**What this task involves**
Could you say how many lines in the entries contain the string "body"? Give only that number.

(Stored dataset items)
=== Begin Enclosure ===

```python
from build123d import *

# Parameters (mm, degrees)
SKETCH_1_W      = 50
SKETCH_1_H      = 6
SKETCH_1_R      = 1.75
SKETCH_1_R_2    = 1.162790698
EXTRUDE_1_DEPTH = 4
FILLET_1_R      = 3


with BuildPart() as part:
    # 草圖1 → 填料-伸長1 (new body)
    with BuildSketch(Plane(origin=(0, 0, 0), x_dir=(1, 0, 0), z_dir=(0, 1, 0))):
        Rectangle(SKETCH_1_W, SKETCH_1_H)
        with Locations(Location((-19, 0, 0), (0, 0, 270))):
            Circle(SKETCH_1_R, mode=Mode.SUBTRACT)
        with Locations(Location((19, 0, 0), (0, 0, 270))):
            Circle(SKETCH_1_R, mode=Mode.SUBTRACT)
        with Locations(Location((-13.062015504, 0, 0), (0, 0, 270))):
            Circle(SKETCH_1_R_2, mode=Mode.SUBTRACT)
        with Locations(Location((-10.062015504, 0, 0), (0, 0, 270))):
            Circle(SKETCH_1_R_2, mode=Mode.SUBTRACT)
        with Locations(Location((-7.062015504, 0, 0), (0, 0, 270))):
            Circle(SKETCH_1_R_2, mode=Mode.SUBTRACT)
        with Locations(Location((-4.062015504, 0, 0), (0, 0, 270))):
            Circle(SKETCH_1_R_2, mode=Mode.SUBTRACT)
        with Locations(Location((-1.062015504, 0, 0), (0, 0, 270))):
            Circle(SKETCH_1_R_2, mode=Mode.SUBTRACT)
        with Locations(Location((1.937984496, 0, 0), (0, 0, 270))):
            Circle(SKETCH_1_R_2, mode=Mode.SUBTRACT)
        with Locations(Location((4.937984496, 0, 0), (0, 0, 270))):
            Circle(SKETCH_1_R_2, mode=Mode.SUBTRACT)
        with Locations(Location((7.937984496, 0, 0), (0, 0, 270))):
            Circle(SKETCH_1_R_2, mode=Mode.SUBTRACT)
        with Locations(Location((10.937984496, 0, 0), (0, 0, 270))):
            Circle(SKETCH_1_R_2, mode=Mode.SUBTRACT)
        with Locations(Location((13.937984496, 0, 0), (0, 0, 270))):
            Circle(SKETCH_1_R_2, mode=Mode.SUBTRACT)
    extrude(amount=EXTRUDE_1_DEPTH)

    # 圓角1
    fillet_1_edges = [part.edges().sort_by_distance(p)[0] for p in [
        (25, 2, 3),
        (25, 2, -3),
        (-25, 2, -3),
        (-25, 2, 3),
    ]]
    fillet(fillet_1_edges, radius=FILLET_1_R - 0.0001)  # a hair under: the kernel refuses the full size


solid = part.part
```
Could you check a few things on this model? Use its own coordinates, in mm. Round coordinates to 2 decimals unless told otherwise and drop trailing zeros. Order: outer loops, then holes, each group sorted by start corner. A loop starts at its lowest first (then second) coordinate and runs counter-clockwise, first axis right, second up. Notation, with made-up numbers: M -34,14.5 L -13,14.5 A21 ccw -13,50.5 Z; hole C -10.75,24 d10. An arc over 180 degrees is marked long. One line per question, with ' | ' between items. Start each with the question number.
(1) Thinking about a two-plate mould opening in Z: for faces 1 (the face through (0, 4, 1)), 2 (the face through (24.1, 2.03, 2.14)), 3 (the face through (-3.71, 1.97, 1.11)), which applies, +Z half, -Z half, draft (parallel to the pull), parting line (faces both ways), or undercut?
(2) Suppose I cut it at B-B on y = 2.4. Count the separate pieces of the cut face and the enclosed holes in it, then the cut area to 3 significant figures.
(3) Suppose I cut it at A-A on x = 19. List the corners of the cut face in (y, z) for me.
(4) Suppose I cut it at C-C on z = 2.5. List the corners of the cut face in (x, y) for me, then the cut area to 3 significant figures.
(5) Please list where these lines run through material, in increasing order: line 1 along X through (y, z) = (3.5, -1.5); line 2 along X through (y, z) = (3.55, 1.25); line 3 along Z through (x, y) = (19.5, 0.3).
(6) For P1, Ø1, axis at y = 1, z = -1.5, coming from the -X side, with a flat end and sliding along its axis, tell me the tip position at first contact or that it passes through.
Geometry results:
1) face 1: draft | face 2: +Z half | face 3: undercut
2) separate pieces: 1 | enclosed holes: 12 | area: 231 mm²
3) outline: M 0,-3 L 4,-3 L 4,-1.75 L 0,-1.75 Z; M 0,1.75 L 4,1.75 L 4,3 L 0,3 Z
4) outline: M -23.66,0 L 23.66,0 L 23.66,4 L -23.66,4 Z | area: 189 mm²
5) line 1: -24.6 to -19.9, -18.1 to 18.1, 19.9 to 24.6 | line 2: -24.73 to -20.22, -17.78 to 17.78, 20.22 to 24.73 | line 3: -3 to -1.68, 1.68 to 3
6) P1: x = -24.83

=== End Enclosure ===
=== Begin Enclosure ===

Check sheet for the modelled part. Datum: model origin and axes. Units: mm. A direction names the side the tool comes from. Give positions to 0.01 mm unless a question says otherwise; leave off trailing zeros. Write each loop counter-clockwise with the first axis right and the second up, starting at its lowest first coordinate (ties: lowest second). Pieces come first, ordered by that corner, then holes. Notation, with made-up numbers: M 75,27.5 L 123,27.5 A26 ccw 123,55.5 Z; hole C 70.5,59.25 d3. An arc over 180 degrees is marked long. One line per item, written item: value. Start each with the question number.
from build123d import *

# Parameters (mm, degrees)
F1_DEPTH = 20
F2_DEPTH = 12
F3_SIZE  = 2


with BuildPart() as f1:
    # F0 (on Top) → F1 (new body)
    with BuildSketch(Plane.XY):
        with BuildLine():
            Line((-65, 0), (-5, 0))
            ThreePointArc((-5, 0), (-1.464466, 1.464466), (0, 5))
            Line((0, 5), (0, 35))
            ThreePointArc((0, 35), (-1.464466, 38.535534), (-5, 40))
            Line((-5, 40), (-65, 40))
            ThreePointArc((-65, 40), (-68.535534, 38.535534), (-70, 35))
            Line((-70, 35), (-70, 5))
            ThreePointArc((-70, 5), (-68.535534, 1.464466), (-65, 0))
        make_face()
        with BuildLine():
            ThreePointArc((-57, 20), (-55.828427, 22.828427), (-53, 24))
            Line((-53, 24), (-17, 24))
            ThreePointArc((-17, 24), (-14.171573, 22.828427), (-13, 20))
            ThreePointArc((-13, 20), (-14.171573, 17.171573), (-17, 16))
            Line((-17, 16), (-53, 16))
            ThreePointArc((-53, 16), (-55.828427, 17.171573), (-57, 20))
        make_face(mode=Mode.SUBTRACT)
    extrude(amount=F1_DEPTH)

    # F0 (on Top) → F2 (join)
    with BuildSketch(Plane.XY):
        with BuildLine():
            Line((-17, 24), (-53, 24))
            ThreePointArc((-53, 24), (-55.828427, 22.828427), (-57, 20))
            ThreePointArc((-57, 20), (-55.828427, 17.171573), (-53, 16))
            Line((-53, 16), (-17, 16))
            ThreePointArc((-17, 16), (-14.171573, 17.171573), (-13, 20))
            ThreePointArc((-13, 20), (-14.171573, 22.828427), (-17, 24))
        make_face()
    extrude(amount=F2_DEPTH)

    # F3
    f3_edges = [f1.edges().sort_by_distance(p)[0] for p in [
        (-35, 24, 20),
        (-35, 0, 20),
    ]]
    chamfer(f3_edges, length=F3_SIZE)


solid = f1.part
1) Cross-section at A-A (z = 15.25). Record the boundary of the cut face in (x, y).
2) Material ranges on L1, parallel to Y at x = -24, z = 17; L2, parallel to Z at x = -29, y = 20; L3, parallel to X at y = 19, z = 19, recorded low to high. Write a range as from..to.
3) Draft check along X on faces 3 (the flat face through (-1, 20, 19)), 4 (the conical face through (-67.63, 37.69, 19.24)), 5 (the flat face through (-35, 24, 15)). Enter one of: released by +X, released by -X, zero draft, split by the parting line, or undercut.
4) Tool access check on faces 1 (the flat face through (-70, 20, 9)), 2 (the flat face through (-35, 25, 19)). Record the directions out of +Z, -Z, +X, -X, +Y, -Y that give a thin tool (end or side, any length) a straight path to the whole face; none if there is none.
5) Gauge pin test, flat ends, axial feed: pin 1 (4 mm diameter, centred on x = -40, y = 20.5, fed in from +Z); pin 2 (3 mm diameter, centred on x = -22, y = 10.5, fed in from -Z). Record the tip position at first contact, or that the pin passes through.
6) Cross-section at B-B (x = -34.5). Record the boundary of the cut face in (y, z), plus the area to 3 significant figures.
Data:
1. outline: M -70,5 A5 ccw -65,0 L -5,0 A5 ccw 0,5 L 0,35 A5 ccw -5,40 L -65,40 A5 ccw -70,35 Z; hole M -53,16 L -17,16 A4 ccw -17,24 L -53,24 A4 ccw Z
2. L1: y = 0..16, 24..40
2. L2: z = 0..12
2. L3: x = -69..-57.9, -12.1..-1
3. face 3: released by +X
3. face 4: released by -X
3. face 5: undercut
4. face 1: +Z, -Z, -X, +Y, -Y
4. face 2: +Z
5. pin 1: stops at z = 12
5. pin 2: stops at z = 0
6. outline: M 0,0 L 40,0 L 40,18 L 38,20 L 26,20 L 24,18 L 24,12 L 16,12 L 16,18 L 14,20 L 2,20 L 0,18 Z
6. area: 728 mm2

=== End Enclosure ===

**Written answer**
2